(Beginning of Source information)

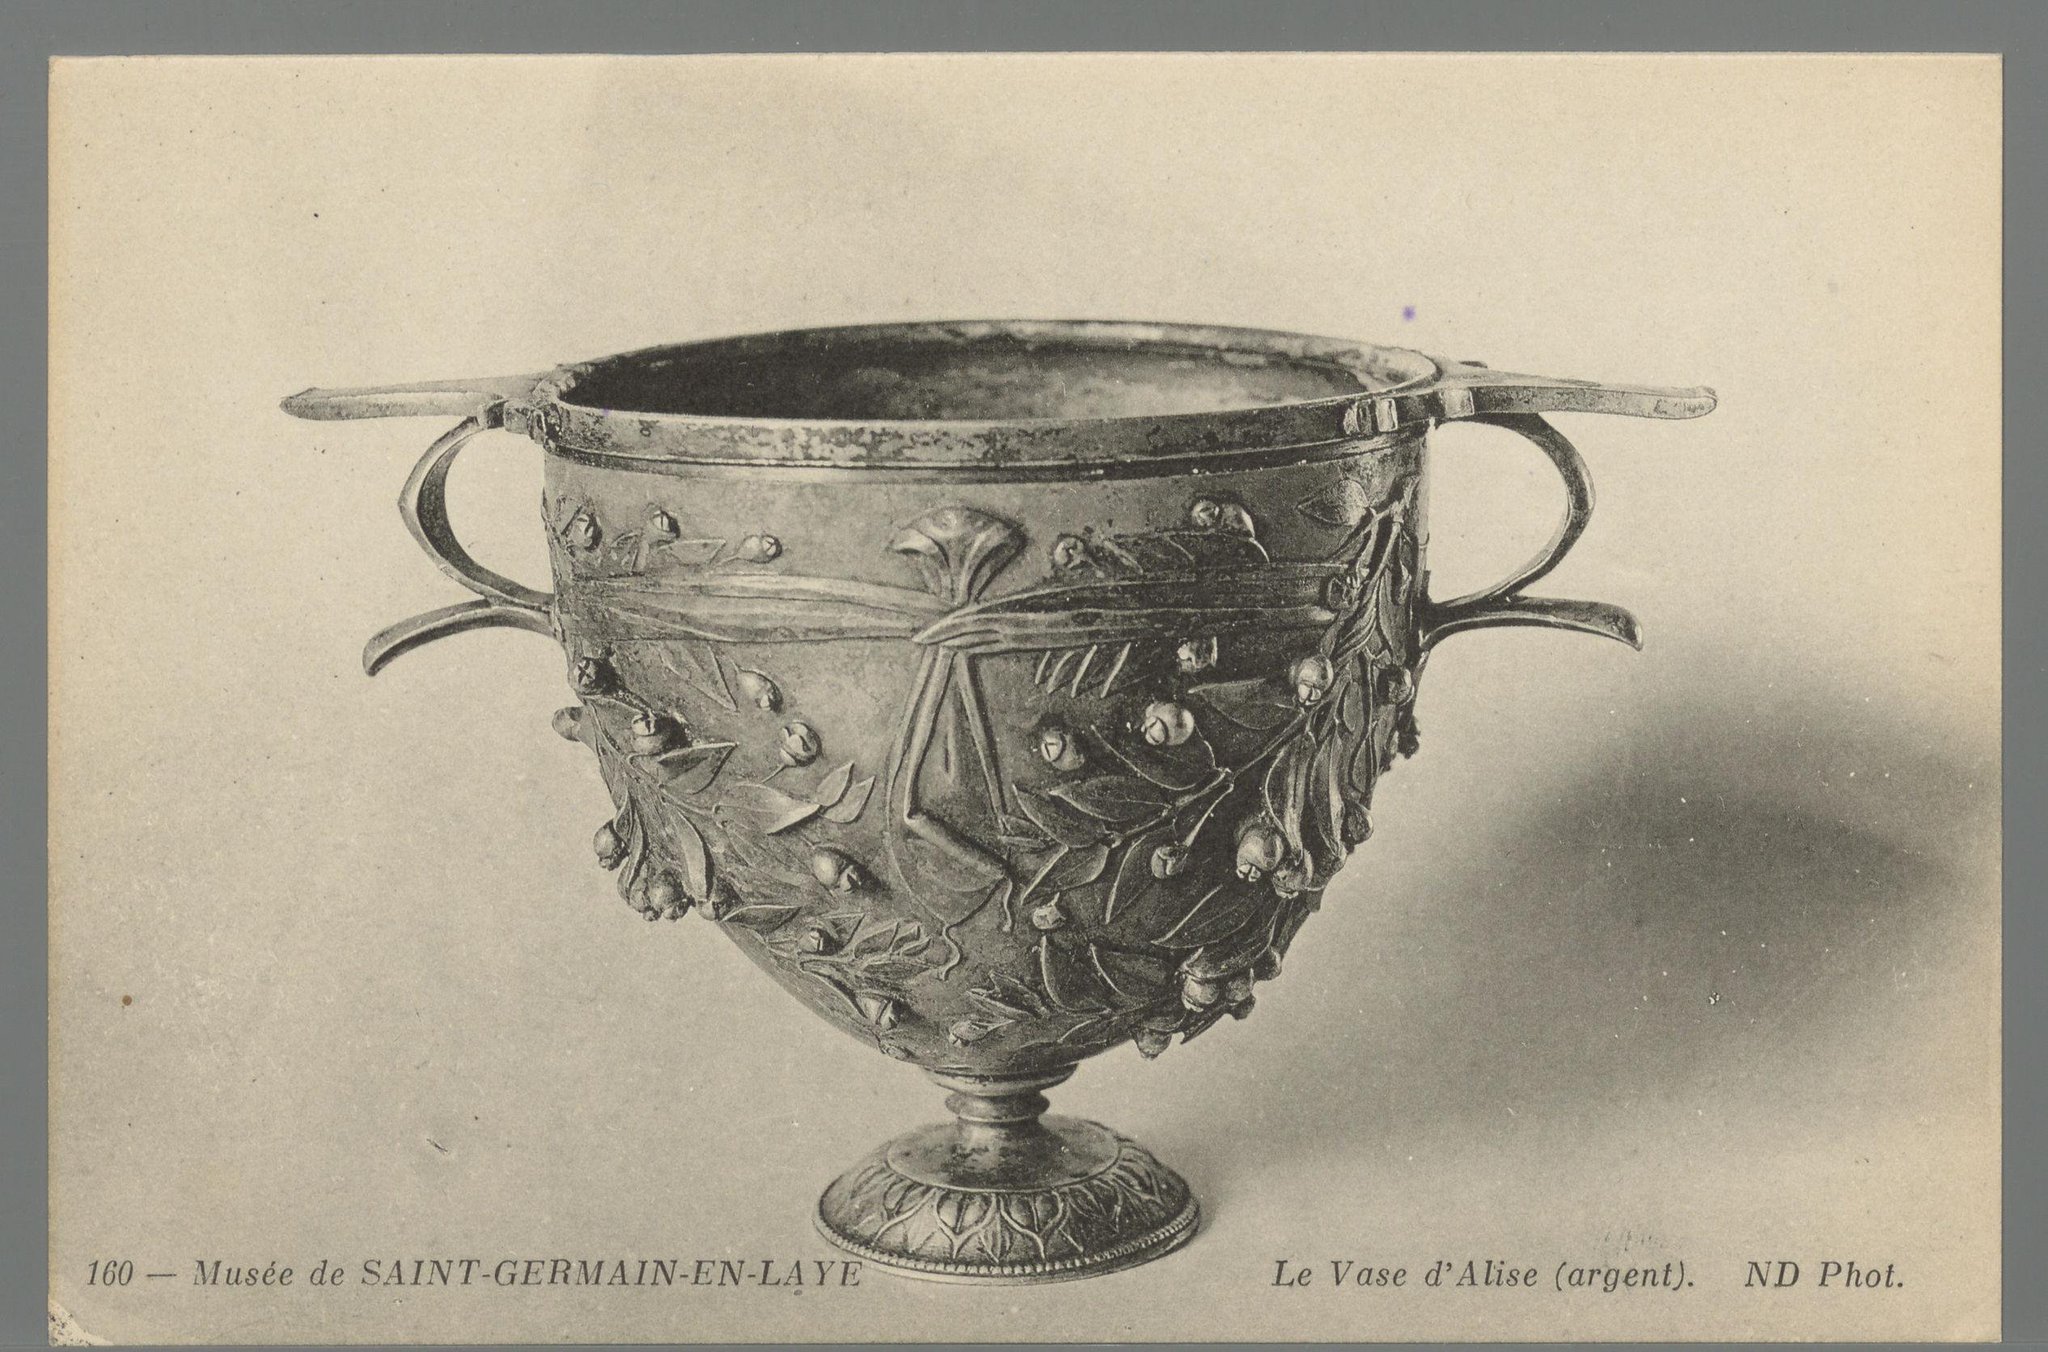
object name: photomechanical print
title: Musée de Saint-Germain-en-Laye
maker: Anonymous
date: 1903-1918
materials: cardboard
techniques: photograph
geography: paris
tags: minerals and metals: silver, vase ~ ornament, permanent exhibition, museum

(End of Source information)
(Beginning of Source information)

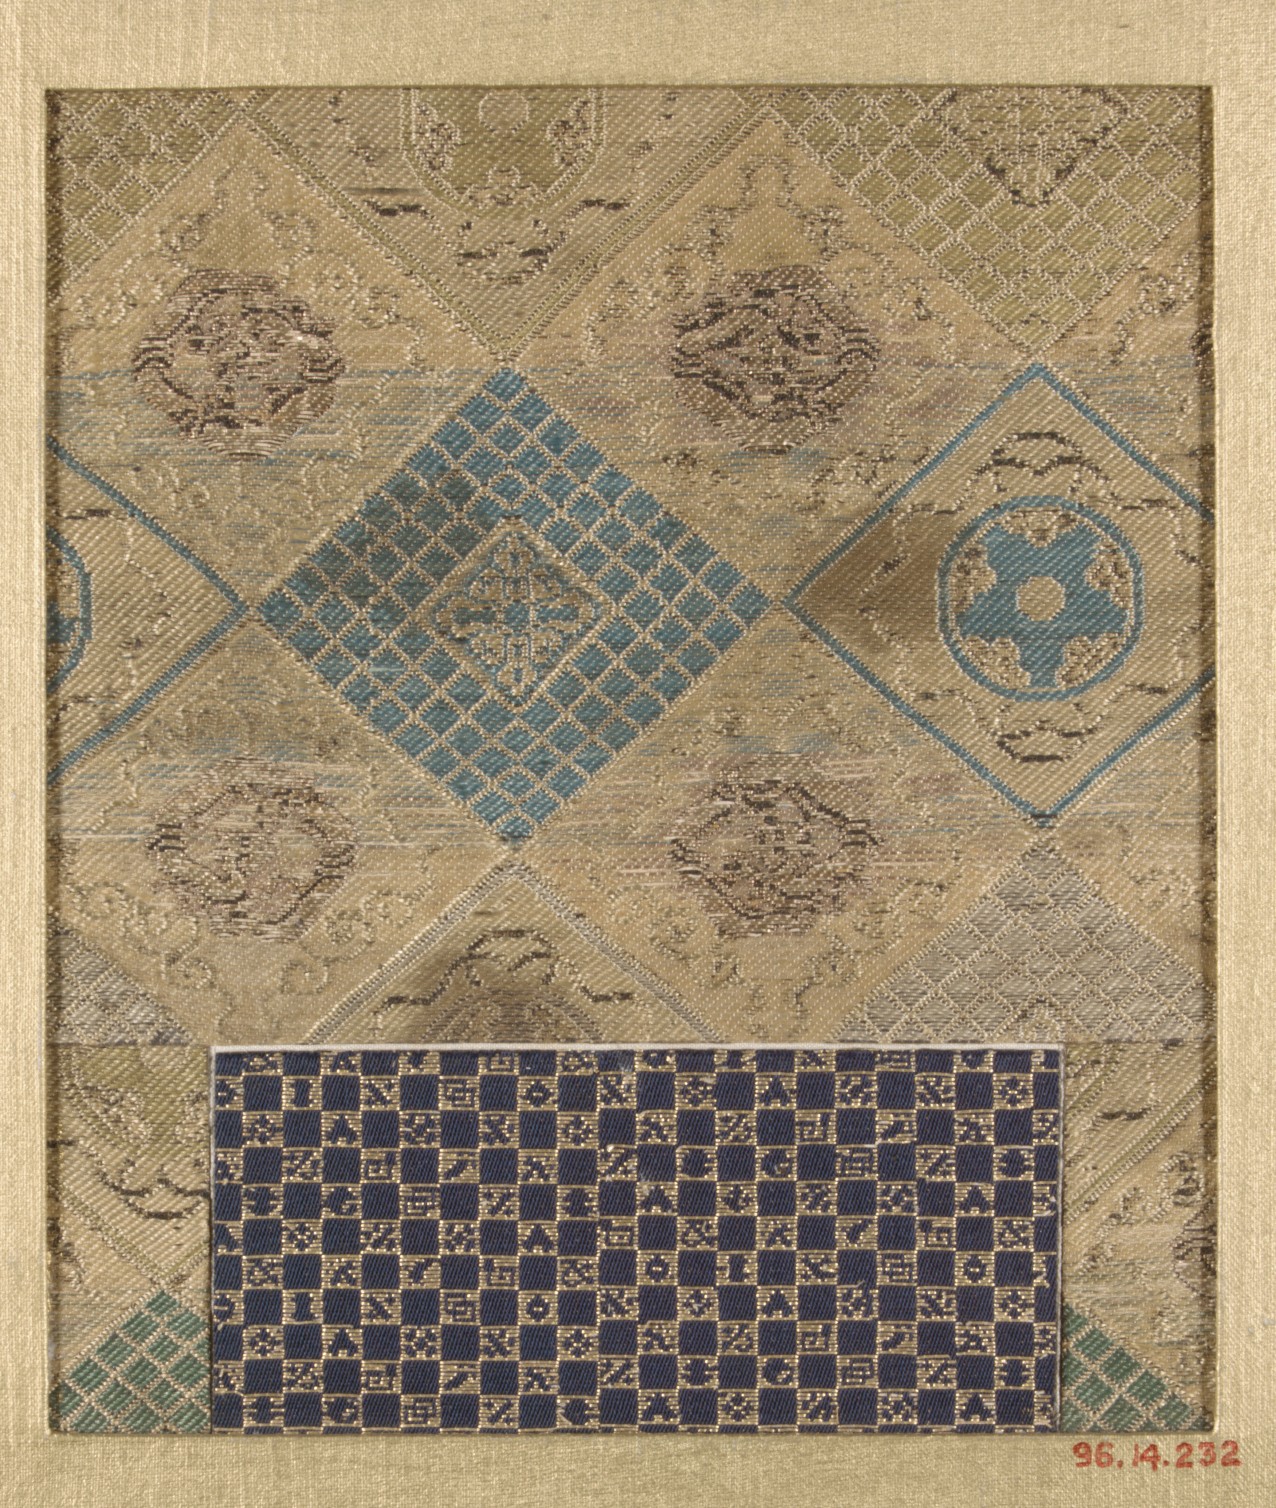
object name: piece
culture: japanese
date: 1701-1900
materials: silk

(End of Source information)

▸ The task:
Give back exactly the lines of the listing above that run from the line with "maker: Anonymous" to the line with "tags: minerals and", inclusive.

▸ Problem solution:
maker: Anonymous
date: 1903-1918
materials: cardboard
techniques: photograph
geography: paris
tags: minerals and metals: silver, vase ~ ornament, permanent exhibition, museum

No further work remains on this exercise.